Muhammad Muaavia Khalid, Binish Nawaz, Faiza Abdul Latif et al. (4 authors) • Semantic Scholar
Finding: Perceived "understanding" in AI conversations is a psychologically constructed experience driven by linguistic alignment, contextual coherence, personalization, response timing, and anthropomorphic design cues—not actual machine comprehension.
Why it matters: Directly relevant to behavior change design and persuasive technology ethics, particularly around AI-induced emotional over-attribution, dark patterns, and user engagement mechanisms that exploit psychological vulnerabilities.

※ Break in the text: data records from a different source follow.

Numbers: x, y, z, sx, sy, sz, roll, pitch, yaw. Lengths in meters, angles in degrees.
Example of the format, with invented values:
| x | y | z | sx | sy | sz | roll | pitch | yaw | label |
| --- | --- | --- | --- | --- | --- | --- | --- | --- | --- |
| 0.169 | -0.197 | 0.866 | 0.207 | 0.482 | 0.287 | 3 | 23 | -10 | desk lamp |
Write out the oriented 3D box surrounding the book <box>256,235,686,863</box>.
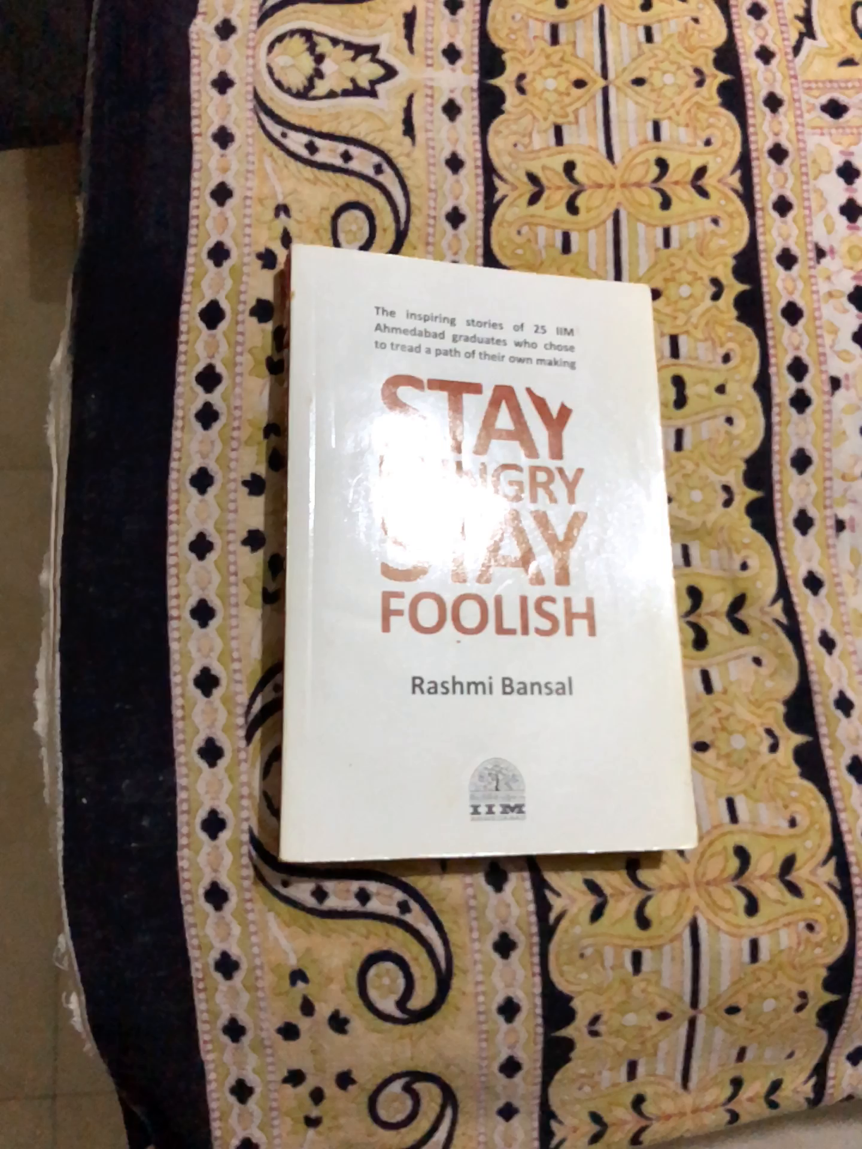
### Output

Method: Conceptual mixed-methods using secondary empirical literature synthesis and modeled perceived understanding as a function of multiple interactional variables.
Jargon: *Linguistic alignment* = users and AI mirroring each other's language style; *anthropomorphic cues* = design features that make AI seem human-like; *social presence* = feeling of interacting with a real person.
Finding: Physicians showed partial, strategic reliance on LLM-generated psychiatric assessments, with performance gains inversely related to baseline competence—less confident users relied more on AI, but miscalibrated trust (over-skepticism or overreliance) reduced gains.
Why it matters: The trust calibration and algorithm aversion dynamics are directly relevant to behavioral science and AI-human collaboration research, particularly for teaching how humans decide when to defer to AI systems.
Method: 12 psychiatrists evaluated 50 case vignettes before and after seeing GPT-4o ratings; accuracy measured via weighted kappa against expert consensus gold standard.
Jargon: *Algorithm aversion* = tendency to distrust algorithmic recommendations even when they outperform humans; *switch rate* = proportion of cases where physicians revised their assessment after seeing AI disagreement; *weighted kappa* = inter-rater reliability metric that accounts for degree of disagreement.
Finding: Argues that AI agent design must account for multi-agent ecosystems where misaligned incentives produce poor social outcomes, proposing "Artificial Social Intelligence" as a research agenda covering alignment, fairness, and human-AI coexistence.
Why it matters: The human-AI collaboration and societal impact framing is tangentially relevant to teaching AI's impact on work and society, but stays at a high theoretical level without empirical grounding or direct HCI/behavioral application.
Finding: Consumer neurotechnology systems claiming to detect emotions from facial expressions, voice, physiological signals, or EEG are scientifically unreliable due to fundamental conceptual, empirical, and technical limitations.
Why it matters: Marginally relevant to HCI and behavioral science as a cautionary critique of AI-based emotion recognition tools increasingly used in education, HR, and marketing contexts the professor covers.
Gerard Chung, Lim Tse Min, Joan R. Fang • PsyArXiv
Finding: Chat-based mental health workers for youth primarily use social support, problem-solving, and reframing techniques; these core skills are shared across workers rather than being individual styles, and a small subset predicts better user outcomes.
Why it matters: Tangentially relevant to behavior change design and persuasive technology, but focused narrowly on mental health counseling techniques rather than HCI, UX, or the professor's core teaching areas.
Method: Coded 44,916 worker turns from 1,439 real chat sessions using the Behavior Change Technique Taxonomy v1 (BCTTv1), a standardized 93-item taxonomy for classifying intervention components.
Jargon: *BCTTv1*: Behavior Change Technique Taxonomy version 1, a standardized framework for categorizing discrete active ingredients in behavior change interventions.
Finding: Develops and validates a 27-item School Curiosity Inventory with seven dimensions across motivation and meta-curiosity domains, showing these dimensions predict learning and well-being outcomes better than general curiosity measures.
Why it matters: Marginally relevant to learning sciences and motivation, but focused on psychometric scale development in Chinese K-12 contexts rather than HCI, design, teams, or behavior change.
⭐ Includes replication | ⭐ Large sample size ⚠️ Self-reported data only | Convenience sample (e.g., MTurk, students)
Finding: TEXA OS is a prototype agentic AI platform that combines natural-language understanding, autonomous task planning, and multi-agent execution to automate real-world computer tasks (browser automation, document generation, OS control) rather than just answering questions.
Why it matters: Marginally relevant as an assistive HCI system for accessibility (elderly users, people with disabilities), but this is primarily a systems engineering paper with little behavioral or user-centered analysis.
Method: System evaluation via unit, integration, and system-level tests—not a user study, no behavioral or UX metrics reported.